По поводу того, что я упомянул о германской прессе, царь заметил, что ему чрезвычайно интересно читать мнение людей о нем и его правительстве. Затем он спросил меня, как подвигается дело на индийской границе, и после моего ответа, что там постепенно водворяется порядок, продолжал говорить о наших отношениях в Азии. Он заявил, что не верит в буферные государства, если они не независимы и сильны сами по себе, а Персия с ее развращенным правительством слишком слаба, чтоб успешно играть такую роль. России вполне достаточно той территории, которой она владеет, и он не намерен приобретать больше; но лично он думает, что наши отношения были бы более близкими и дружественными, если бы между нами не стояла Персия. Он боялся, однако, что английское общественное мнение мало подготовлено к тому, чтоб видеть Англию и Россию соседями, хотя, как он с радостью отмечает, старое предубеждение против его отечества постепенно исчезает. Последнюю часть аудиенции царь провел в рассказах о Клондайке и Сибирских рудниках, о своем путешествии по Сибири и о климате и растительности последней.
Когда я прощался с его величеством, я совсем не предвидел, сколько аудиенций я буду иметь у него в дальнейшем, и что мне придется говорить с ним таким языком, каким ни один посол не говорил с самодержавным государем. Однако то обстоятельство, что царь и царица лично знали мою жену и меня, было значительным нашим преимуществом, когда мы приехали в Петербург.

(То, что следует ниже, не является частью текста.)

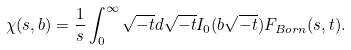Convert formula to latex. <formula><loc_0><loc_0><loc_500><loc_500>\chi ( s , b ) = \frac { 1 } { s } \int _ { 0 } ^ { \infty } \sqrt { - t } d \sqrt { - t } I _ { 0 } ( b \sqrt { - t } ) F _ { B o r n } ( s , t ) .</formula> 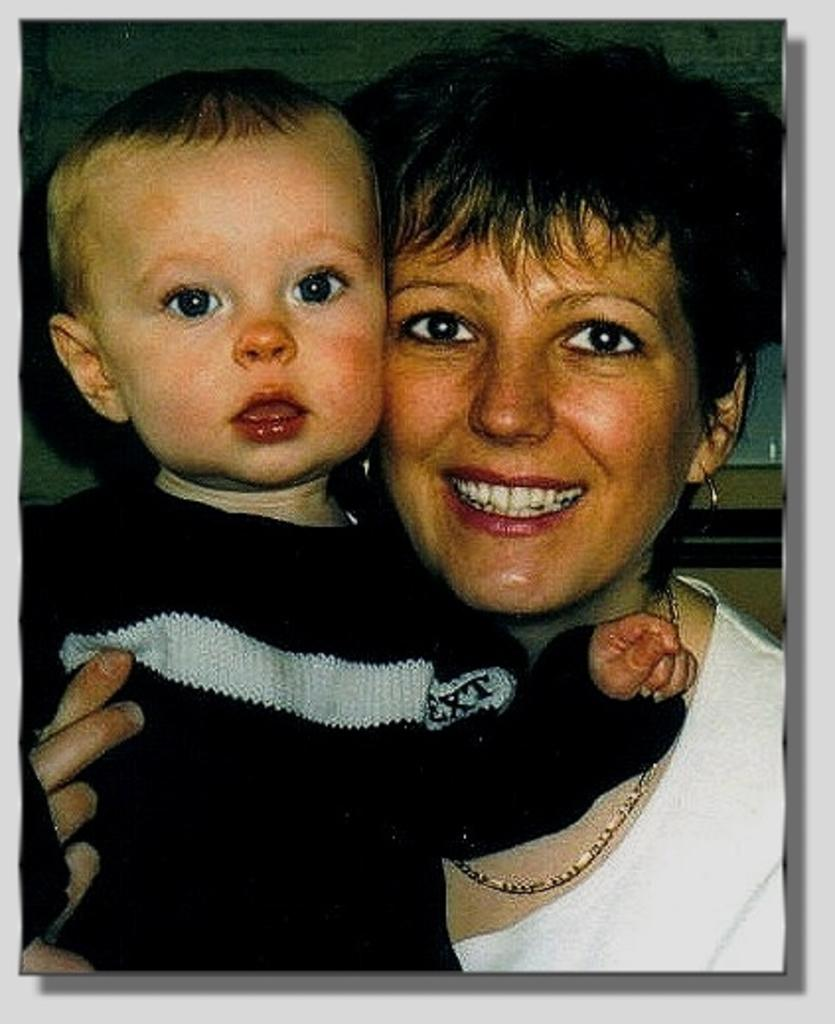What is the expression of the woman in the image? The woman in the image has a smiling expression. Who else is present in the image besides the woman? There is a boy in the image. Can you describe any visual elements of the image? The image has borders. What type of glue is being used to hold the boy's face together in the image? There is no indication in the image that the boy's face is being held together with glue, nor is there any glue visible in the image.

Как я уже указывал в главе VIII, я принял посольство в такой момент, когда англо-русское согласие несколько пошатнулось вследствие Потсдамского соглашения, и поставил себе правилом говорить с царем прямо и откровенно. Его величество, горячо желавший сохранить это согласие, оценил мою прямоту и почтил меня своим доверием. В продолжение следующих лет наши отношения принимали все более близкий характер, и я лично горячо привязался к нему. Его величество обладал такими очаровательными манерами, что на аудиенциях я чувствовал себя как с другом, а не как с царем. Было что-то, могу сказать это без хвастовства, вызывавшее нашу взаимную симпатию. Зная, что в вопросе о международных отношениях я стремился добиться англо-русской дружбы, а во внутреннем положении принимал близко к сердцу его истинные интересы, он никогда не изъявлял недовольства моей откровенностью.
На официальных торжествах, за исключением новогоднего приема депутатов, царь редко вступал в разговор с послами. Он только здоровался с ними, а затем переходил от одной группы русских к другой, разговаривая кое с кем. Однажды, это было в 1911 г. на обеде в Петергофе в честь сербского короля, я очутился в довольно неловком положении. Я был единственным из приглашенных послов, так как на этом обеде предполагалась моя встреча с принцем Артуром Коннаутским, бывшим в то время с визитом у царской семьи. В последний момент, однако, царь сказал его королевскому высочеству, что обед для него будет не интересен, и что пусть он лучше пойдет на охоту. Этим самым отпадал всякий "raison d'etre"[12]
моего присутствия на обеде, и я помню, как бедный Столыпин, убитый несколько недель спустя, спросил меня, что я делаю "en cette galere".[13] После обеда ко мне подошел один из камер-юнкеров и предложил мне стать у стены комнаты, мимо которой должен был пройти его величество, без сомнения желавший поговорить со мной. Я согласился; но его величество прошел, не обратив на меня внимания; тогда мой друг поставил меня на другое место, где я мог бы попасться на глаза царю, но опять неудачно. Так как он хотел повторить этот опыт в третий раз, я заметил, что, если царю угодно поговорить со мной, он пришлет за мной, но я за ним бегать не буду. Только перед самым отъездом царь, мимоходом, пожал мне руку и пожелал мне доброй ночи. Он забыл, отправляя принца Артура на охоту, что я приглашен к обеду, и поэтому был несколько изумлен моим присутствием.Только раз я имел мужество подойти к государю на публичном торжестве и заговорить с ним первым. Это было во время войны, на торжестве спуска в воду боевого крейсера. Его величество стоял один, наблюдая за предварительными приготовлениями, и так как мне нужно было передать ему кое-что частным образом, я подошел к нему и заговорил. Он принял меня очень милостиво и разговаривал со мною до начала церемонии.